== DATASET EXTRACT

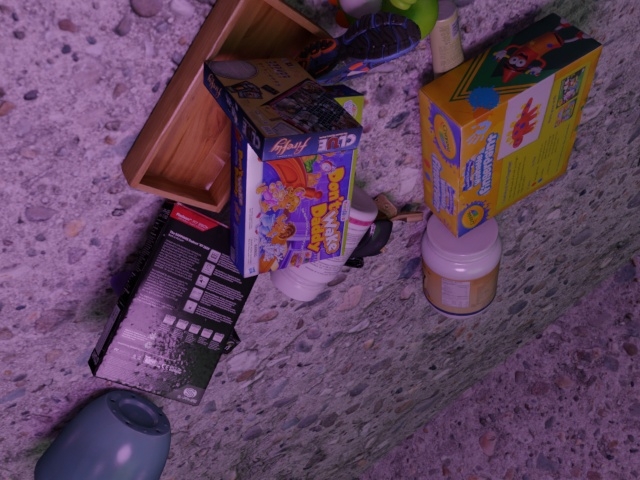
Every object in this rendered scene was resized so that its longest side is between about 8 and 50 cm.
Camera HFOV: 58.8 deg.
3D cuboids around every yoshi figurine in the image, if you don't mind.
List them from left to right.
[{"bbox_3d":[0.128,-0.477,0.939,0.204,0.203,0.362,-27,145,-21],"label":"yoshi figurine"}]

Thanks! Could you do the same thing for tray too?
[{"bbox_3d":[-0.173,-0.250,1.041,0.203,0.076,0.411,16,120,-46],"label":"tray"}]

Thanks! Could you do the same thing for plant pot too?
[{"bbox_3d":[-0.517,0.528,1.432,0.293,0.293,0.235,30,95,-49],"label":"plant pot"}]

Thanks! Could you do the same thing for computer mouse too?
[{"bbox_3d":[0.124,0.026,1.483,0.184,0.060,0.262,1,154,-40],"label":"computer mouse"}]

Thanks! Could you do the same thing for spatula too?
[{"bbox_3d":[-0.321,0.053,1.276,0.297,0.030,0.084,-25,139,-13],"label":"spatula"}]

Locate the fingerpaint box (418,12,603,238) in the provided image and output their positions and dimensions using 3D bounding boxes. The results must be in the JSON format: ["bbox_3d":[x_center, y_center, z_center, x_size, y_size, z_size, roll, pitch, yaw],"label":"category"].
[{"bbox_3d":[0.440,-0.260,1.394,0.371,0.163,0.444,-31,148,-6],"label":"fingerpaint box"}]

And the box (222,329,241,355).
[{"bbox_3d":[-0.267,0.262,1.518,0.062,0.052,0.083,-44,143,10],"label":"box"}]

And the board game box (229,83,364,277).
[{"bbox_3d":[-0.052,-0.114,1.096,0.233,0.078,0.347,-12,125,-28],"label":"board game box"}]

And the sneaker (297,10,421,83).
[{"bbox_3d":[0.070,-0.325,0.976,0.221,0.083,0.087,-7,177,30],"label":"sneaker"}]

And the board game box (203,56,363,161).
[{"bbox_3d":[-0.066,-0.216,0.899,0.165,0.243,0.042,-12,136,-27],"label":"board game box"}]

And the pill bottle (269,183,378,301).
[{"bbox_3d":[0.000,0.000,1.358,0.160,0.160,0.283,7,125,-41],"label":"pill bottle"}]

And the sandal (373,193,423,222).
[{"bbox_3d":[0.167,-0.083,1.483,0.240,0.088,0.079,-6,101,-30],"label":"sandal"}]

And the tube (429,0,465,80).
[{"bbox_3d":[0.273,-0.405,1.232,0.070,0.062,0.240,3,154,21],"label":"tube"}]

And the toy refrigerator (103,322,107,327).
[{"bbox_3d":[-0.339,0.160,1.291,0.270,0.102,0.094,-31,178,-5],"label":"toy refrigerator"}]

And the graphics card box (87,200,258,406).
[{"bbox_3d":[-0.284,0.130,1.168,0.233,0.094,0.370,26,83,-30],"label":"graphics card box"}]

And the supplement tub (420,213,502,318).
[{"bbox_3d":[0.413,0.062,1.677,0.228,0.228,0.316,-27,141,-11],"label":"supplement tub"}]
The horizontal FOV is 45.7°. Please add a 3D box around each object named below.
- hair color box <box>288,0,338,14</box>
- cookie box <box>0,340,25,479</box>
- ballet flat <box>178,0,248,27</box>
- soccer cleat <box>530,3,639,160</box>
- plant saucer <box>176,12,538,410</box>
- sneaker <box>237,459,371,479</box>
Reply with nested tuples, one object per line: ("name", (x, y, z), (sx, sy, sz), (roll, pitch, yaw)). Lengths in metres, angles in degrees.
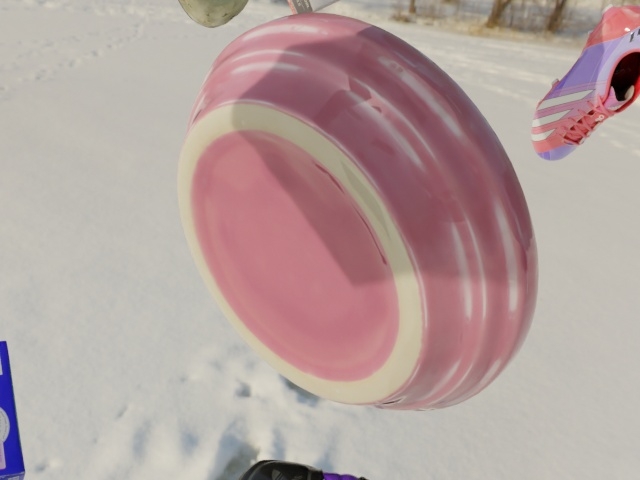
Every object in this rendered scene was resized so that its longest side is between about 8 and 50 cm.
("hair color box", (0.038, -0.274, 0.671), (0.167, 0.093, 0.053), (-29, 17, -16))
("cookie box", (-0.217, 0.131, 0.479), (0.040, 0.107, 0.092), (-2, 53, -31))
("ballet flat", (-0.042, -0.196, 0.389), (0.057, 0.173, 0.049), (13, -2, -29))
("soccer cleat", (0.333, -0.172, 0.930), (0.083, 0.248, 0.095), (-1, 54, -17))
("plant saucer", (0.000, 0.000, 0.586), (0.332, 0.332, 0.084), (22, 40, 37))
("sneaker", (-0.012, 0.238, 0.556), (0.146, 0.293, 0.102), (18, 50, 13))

====

• **YOUR GOAL**: For the string "around", show each line of the entries above where it occurs.

• **COMPLETED TASK**:
3D cuboids around every yoshi figurine in the image, if you don't mind.
The horizontal FOV is 45.7°. Please add a 3D box around each object named below.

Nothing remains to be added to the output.